Marian Drew was born in Australia in 1960 and studied visual art at Canberra School of Art from 1980-1984. Then, from 1984-1985 undertook post graduate studies in Experimental Photography at Kassel University, Germany. Since 1986 she has been Senior Lecturer, Photography Art Practice, at the Queensland College of Art, Griffith University. From 1983 to 2011, Marian Drew has held thirty solo exhibitions in Australia, the United States, France, and Germany. She also participated in group exhibitions in China, Germany, the United States and held over forty curatorial shows. Drew’s work is housed in major public collections such as: National Gallery of Australia, Queensland Gallery of Art, South Australian Art Gallery, and numerous other collections in Australia. The first monograph “Marian Drew Photographs and Video Works”, was published by the Queensland Centre for Photography, in 2006.

Marian Drew Book:
Marian Drew - Photographs + Video works

Artist Statement

“By imitating the historic painted forms of the Still Life genre I aim to lull the viewer into a familiar story, but paint is replaced with photographic verisimilitude and familiar animals with Australian species. The cycles of domestic bliss and bodily provision raise questions about life and death. Through sacrificial ritual, we acknowledge and develop gratitude for our own existence and for our connectedness. Here the self is found in the form of the other, and our conceptual frameworks are laid out for all to see. The sense of who we are, as explored in this work is defined through shared culture.”

“Landscape photographs graph the human light trajectories in the landscape over time. Drawing and photography meet plein air, a sketch of the hand with camera obscura, working to explore landscape as an exchange between projected ideas and the document.

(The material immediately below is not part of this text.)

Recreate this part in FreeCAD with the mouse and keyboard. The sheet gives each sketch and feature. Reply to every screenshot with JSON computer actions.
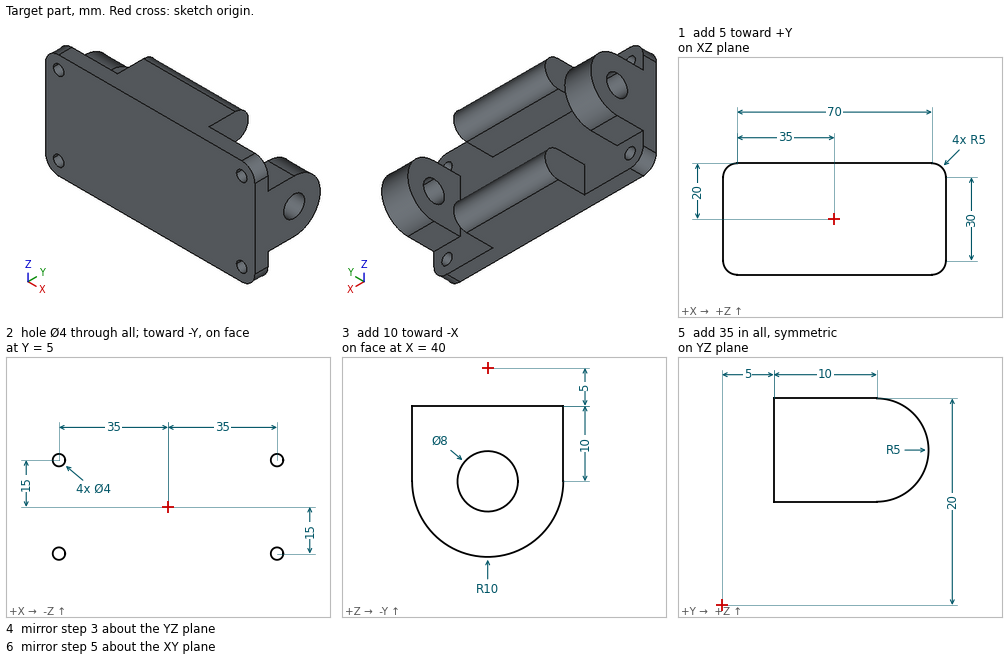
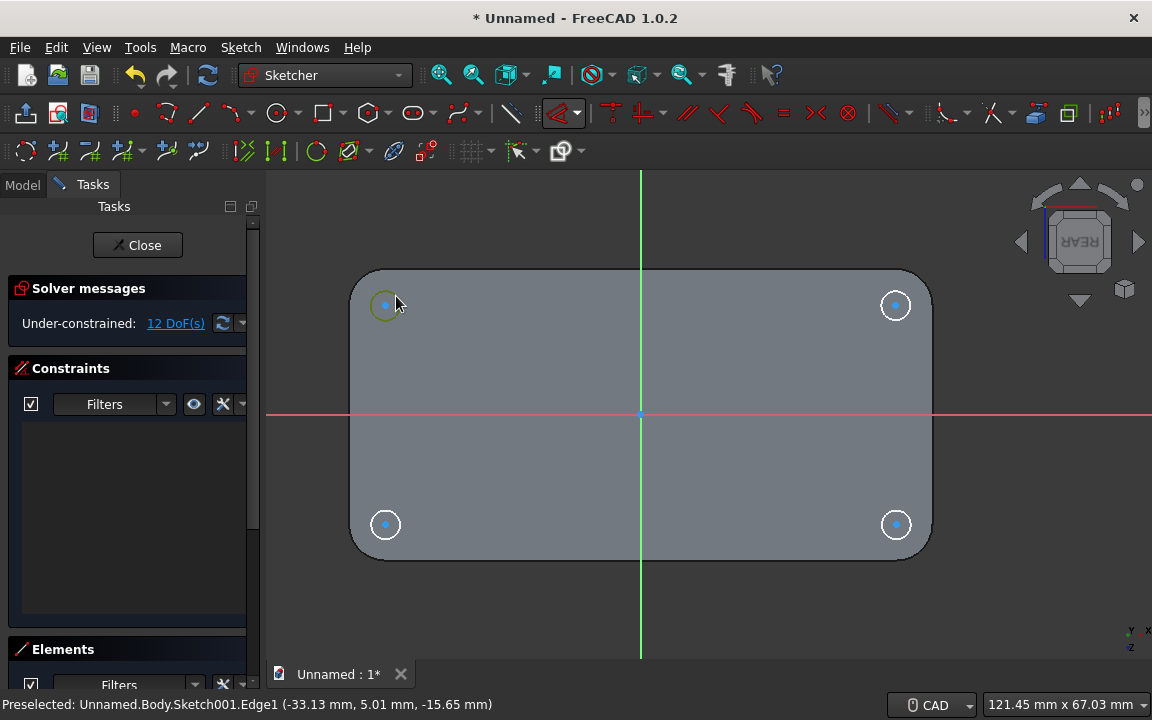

Using two identical medium format film cameras I photograph a landscape by moving the cameras on an axis following the horizon of the landscape. This very slow motion pan, films the action or event over several still frames and allows enough time to abandon the camera, enter the landscape and immerse myself, literally, during exposure. When one is in the landscape acting in this way one cannot see the landscape as a panorama in the distance. The image is then formed as part of an exchange that occurs within the landscape and within the camera.”

“Body works explore the body as a dynamic form. The figures rotate for about ten seconds in a sunlit room that is draped with black cloth. Their form is dissolved over the long exposure time. The black cloth references early quasi-scientific efforts to dislocate subject from environment to enhance objective study. Works by scientist photographers such as Etienne Marey and Edward Muybridge, or sociologist photographer Richard Avedon utilized the backdrop to severe the representation of the body from the landscape. Here the relativity of dynamism is being measured, rocks or flesh, dissolve according to their movement and time scale.”